Lost in London #filmreview

I don’t think I’ve had a more expensive ice cream than the Ohji vanilla tub. Over 3 squids even with the member’s discount too and we’re not talking family sized. I’m wrinkled enough to remember when Nouvelle Cuisine was a fashion, or was that a fad? Write it in French, cut the size to one that makes a child’s portion seem huge and stick it on a fancy plate in unusual positions and hey presto – you find you need a cheeky chow mien and chips on the way home.

This was always going to be a tricky night. See, as the poster above indicates this is an experimental film, shot, as a single take, and broadcast live around London in January this year. The reshowing now, one screening per night at different times was accompanied by some talking heads at the start, explaining how unique this was, how tricky to set up, making sure the single camera feed could be captured by multiple receiving stations, how a bomb threat had threatened to derail the whole thing – which would have created some tension at the time but since they had got me along, having already paid my tenner, on assumption it was in the can, it fell rather flat.

So, no, I didn’t need this pre-explanation and, in truth, hearing from Woody Harleson whose idea it was, merely broke the fourth wall at the wrong time and meant I started watching without the usual suspension of disbelief. I mean, there’s an implied contract when you enter a darkened cinema – if you try and entertain me I will pretend what you put up in front of me is real rather than a total fabrication. If you start by showing me how the magic is done, if you point out where the wires are then you are already facing an uphill battle for my support.

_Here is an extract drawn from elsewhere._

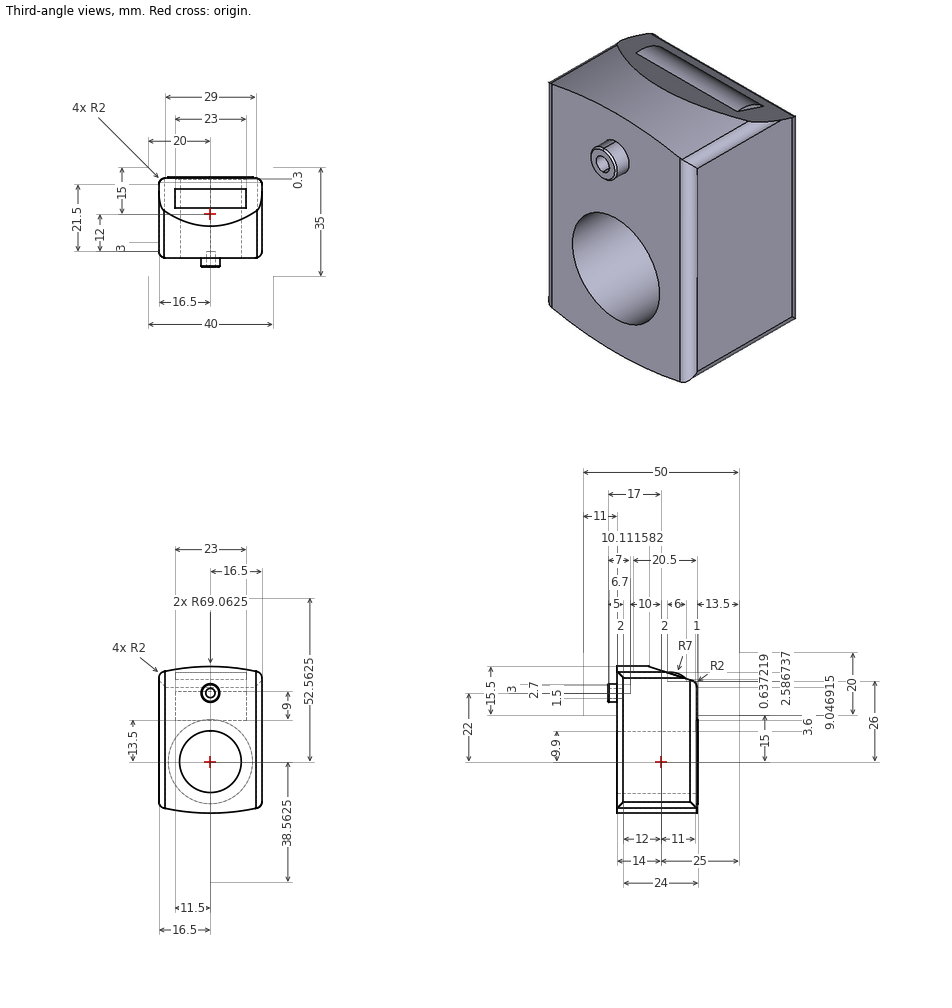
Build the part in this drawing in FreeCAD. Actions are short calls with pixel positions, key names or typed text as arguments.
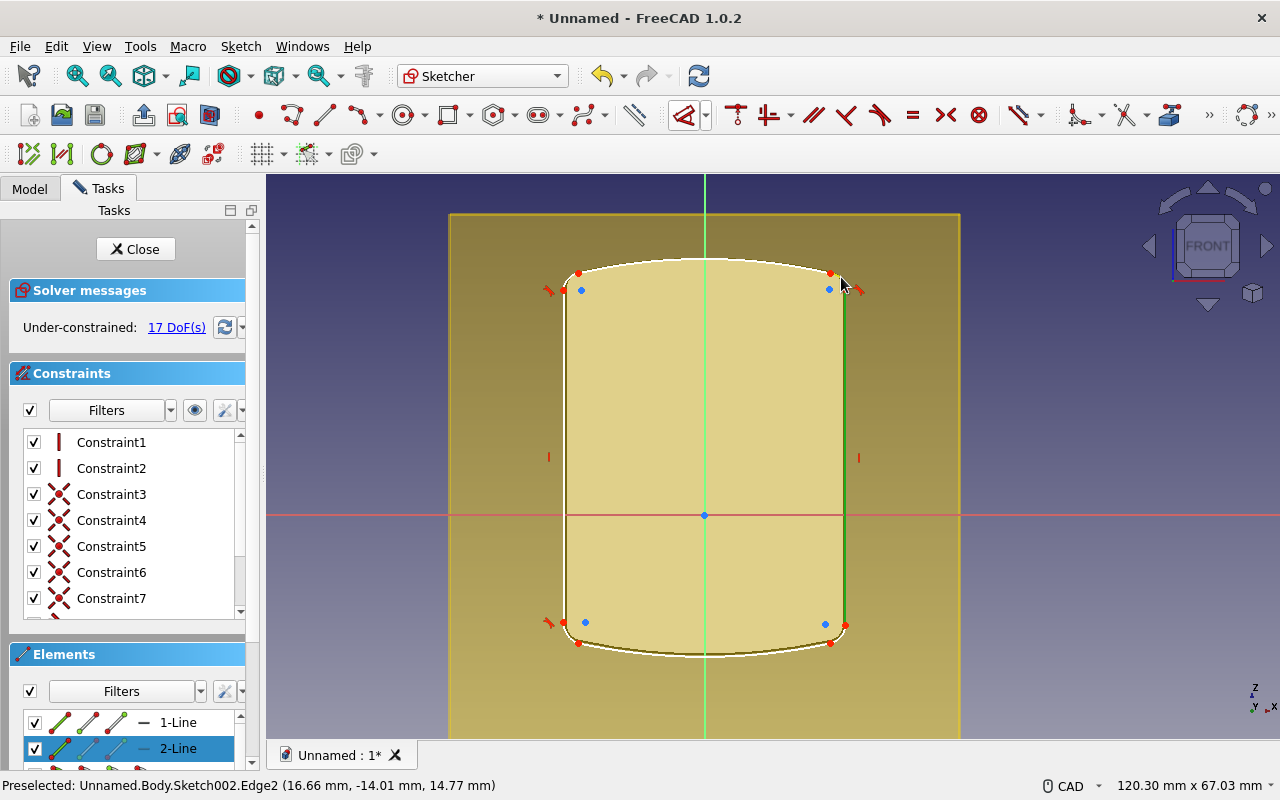
scroll(837, 640, up, 4)

The premise was rather neat, mind you. Woody, playing himself, is in London with his family, working in the theatre. As he leaves after that night’ performance, off to meet his family, he’s handed a newspaper with him headlining – he’s been caught in a foursome. Can he hide it from his wife?

No. That isn’t a spolier, it’s the core of the movie – how can he win her back over one night in London. He’s taken clubbing to give her breathing space, he’s arrested and caught in a Kafkaesque spiral over a damaged taxi ashtray. It is fast paced, noisy and engaging.

In truth Woody’s performance is a tour de force. There are some sticky moments but also some wonderful humour when he meets Owen Wilson and debates if Woody is his best friend, his second best friend or some other category of chum.

It rambles and it’s a little stagey at the end, involving as it does a trip to see Harry Potter with a disabled child in tow but overall it was a good 90 minutes and, as an exercise in film making, quite something.

So even if I rather regretted the indulgence I admire Harleson’s indulgence. It’s not exactly history making – let’s face it, we all prefer slick cinematography and plausible acting – but a worthy 3 stars.

About TanGental

My name is Geoff Le Pard. Once I was a lawyer; now I am a writer. I've published four books - Dead Flies and Sherry Trifle, My Father and Other Liars, Salisbury Square and Buster & Moo. In addition I have published three anthologies of short stories and a memoir of my mother. More will appear soon. I will try and continue to blog regularly at geofflepard.com about whatever takes my fancy. I hope it does yours too. These are my thoughts and no one else is to blame. If you want to nab anything I post, please acknowledge where it came from.
This entry was posted in Film, London, miscellany, review and tagged , , , . Bookmark the permalink.

17 Responses to Lost in London #filmreview

  1. Ritu says:

    Not even heard of this film!!! Thanks for the heads up His Geoffleship 😊

    Liked by 1 person

  2. gordon759 says:

    But what about the ice cream?

    Liked by 1 person

  3. willowdot21 says:

    Hummmm! Did you stir your ice cream until it was soft and yummy. 🤗💖

    Liked by 1 person

  4. For three quid I would have expected chocolate ice cream at the very least!
    Sounds like a good film although perhaps they could have gone into how it was made AFTER rather than before 🙂

    Liked by 1 person

  5. Well jeepers being at the cutting edge of cinema history you must expect to pay three squid for a lick of icecream. I wonder if this movie will go down in history like the overindulgent Orson Welles Rosebud thing has. One imagines Woody’s has more humour in it. This is another movie I haven’t heard of Geoff, I need to up my game, if not for you too many movies would be slipping by me without so much as a cursory nod from my vague memory……. I might have to start reading newspapers again ….

    Liked by 1 person

  6. Annecdotist says:

    I think I read about this elsewhere (!) – sounds like the idea of it is more fun than the actuality. Raw cinema indeed.

    Liked by 1 person

  7. Charli Mills says:

    I like the idea that an actor is able to do something experimental. Good for Woody! I see Willie Nelson is involved, too.